[Stored records]
====

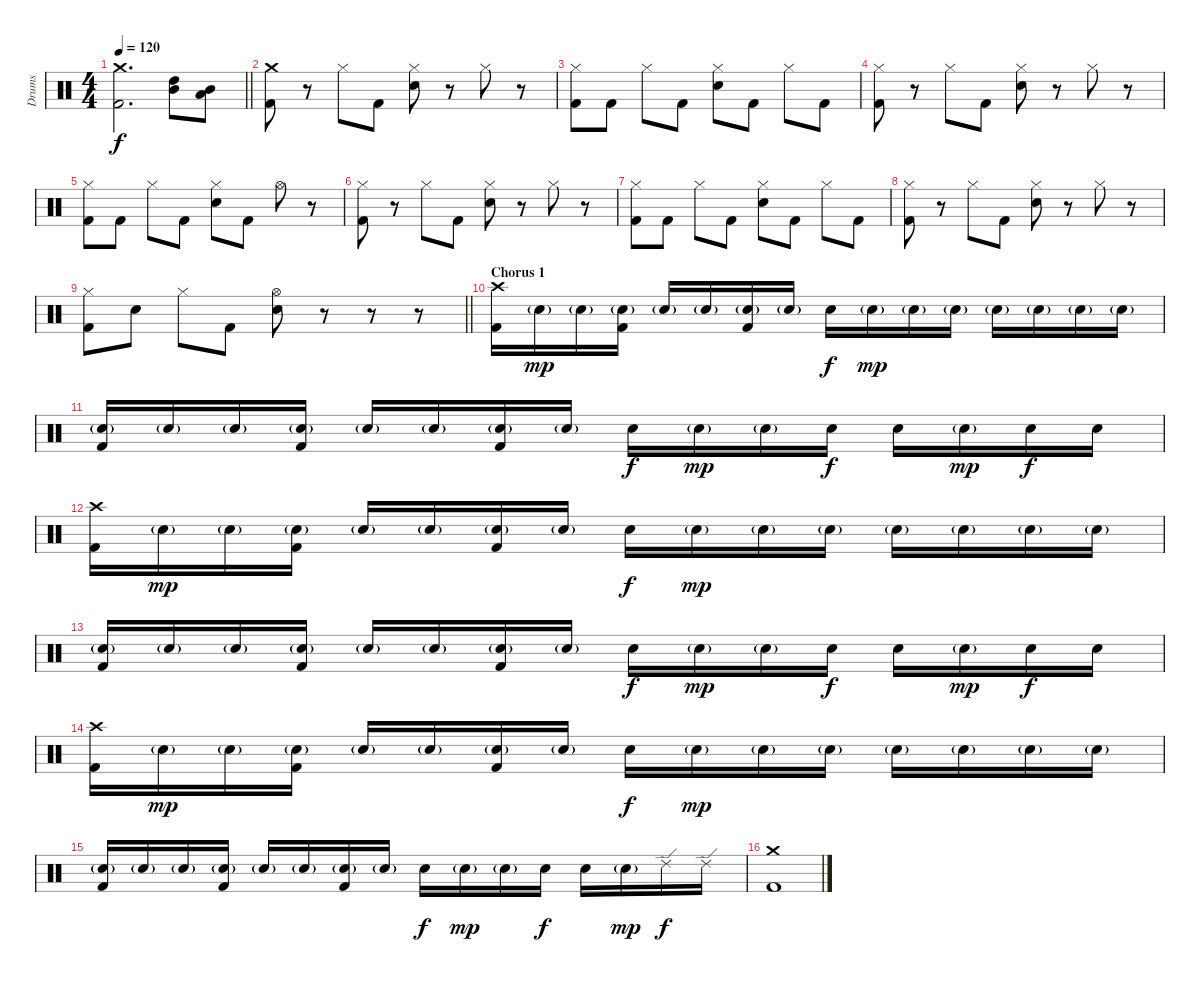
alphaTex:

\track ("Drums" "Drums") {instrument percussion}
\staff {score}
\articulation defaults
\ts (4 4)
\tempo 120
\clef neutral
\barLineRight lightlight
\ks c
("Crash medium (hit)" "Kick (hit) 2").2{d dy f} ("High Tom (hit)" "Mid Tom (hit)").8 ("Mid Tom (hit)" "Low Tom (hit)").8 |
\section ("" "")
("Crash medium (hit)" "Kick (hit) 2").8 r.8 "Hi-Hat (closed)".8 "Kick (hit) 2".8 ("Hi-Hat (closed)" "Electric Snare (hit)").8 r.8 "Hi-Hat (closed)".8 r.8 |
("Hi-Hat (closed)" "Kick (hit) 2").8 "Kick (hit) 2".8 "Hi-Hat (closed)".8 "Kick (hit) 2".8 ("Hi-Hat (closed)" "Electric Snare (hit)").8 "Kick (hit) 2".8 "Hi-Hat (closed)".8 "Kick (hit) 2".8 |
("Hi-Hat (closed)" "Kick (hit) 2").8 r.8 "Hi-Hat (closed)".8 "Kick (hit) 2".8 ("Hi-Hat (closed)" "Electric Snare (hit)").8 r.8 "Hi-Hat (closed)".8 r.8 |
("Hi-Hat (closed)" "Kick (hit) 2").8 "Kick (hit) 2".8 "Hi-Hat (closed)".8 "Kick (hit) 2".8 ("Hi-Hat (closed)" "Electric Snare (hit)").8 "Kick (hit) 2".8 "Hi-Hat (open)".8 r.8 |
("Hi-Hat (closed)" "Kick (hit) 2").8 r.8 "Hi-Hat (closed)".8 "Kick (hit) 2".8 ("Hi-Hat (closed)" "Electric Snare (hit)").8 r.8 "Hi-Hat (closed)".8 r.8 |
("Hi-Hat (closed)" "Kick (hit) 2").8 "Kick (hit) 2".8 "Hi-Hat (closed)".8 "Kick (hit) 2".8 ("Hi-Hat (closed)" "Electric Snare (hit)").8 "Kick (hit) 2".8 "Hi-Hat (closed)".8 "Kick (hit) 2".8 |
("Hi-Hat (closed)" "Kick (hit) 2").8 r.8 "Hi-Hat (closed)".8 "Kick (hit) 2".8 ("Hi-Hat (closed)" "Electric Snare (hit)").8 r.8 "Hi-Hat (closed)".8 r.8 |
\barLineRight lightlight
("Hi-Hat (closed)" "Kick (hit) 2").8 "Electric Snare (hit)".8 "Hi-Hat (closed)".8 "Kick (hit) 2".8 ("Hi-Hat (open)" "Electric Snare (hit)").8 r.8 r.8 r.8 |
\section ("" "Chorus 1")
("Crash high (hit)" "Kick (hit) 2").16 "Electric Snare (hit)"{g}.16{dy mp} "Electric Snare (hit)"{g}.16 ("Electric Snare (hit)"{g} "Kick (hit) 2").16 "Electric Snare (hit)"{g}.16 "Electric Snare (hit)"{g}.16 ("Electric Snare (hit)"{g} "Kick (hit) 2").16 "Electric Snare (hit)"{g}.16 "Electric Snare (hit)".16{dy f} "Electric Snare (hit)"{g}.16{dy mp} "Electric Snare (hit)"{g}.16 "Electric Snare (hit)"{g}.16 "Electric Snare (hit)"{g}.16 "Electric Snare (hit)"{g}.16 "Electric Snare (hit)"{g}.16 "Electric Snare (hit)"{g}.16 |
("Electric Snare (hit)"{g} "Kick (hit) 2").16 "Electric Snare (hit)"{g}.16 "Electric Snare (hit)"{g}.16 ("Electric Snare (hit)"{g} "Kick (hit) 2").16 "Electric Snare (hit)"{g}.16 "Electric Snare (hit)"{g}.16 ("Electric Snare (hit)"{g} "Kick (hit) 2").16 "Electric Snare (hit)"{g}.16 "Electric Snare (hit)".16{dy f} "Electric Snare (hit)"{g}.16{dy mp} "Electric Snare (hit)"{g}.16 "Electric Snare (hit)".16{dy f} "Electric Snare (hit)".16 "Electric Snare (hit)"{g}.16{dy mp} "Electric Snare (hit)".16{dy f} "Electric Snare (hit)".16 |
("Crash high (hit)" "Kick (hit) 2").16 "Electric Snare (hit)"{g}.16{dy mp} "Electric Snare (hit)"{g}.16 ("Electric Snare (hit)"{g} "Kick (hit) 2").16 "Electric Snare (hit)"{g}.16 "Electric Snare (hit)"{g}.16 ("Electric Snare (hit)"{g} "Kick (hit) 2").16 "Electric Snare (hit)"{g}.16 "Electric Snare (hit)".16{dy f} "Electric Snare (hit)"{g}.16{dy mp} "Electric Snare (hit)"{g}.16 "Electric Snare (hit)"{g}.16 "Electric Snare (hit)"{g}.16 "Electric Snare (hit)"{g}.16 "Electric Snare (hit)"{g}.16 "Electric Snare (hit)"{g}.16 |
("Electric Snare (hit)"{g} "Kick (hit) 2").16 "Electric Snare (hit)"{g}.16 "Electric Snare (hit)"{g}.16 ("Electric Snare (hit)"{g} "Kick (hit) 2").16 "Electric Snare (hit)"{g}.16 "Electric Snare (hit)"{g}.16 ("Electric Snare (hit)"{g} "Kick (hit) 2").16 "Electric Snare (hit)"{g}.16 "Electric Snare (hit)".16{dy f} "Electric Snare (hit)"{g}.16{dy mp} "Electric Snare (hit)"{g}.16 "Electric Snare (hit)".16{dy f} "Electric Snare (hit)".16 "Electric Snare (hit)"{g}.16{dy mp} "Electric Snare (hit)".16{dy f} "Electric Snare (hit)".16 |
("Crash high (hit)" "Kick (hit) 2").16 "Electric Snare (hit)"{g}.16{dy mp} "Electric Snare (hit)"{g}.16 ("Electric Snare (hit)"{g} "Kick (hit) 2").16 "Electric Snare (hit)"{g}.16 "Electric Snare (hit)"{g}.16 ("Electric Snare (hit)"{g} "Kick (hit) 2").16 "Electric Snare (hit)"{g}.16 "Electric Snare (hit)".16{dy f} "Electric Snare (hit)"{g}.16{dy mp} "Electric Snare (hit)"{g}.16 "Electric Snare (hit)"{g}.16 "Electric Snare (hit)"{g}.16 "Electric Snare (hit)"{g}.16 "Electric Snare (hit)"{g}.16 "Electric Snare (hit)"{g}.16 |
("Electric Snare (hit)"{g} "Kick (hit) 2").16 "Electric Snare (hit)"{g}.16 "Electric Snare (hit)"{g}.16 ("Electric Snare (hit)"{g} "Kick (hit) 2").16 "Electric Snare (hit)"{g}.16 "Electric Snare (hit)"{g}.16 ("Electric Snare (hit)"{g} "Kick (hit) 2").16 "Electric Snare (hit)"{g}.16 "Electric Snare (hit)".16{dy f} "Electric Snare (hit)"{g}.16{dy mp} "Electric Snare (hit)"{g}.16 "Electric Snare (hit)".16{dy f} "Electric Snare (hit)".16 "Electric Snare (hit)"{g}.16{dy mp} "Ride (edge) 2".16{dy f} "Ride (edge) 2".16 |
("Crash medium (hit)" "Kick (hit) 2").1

====

• YOUR GOAL
Only lines containing "open" belong in the answer; copy every such line from the records.

• ANSWER TO THE EXERCISE
("Hi-Hat (closed)" "Kick (hit) 2").8 "Kick (hit) 2".8 "Hi-Hat (closed)".8 "Kick (hit) 2".8 ("Hi-Hat (closed)" "Electric Snare (hit)").8 "Kick (hit) 2".8 "Hi-Hat (open)".8 r.8 |
("Hi-Hat (closed)" "Kick (hit) 2").8 "Electric Snare (hit)".8 "Hi-Hat (closed)".8 "Kick (hit) 2".8 ("Hi-Hat (open)" "Electric Snare (hit)").8 r.8 r.8 r.8 |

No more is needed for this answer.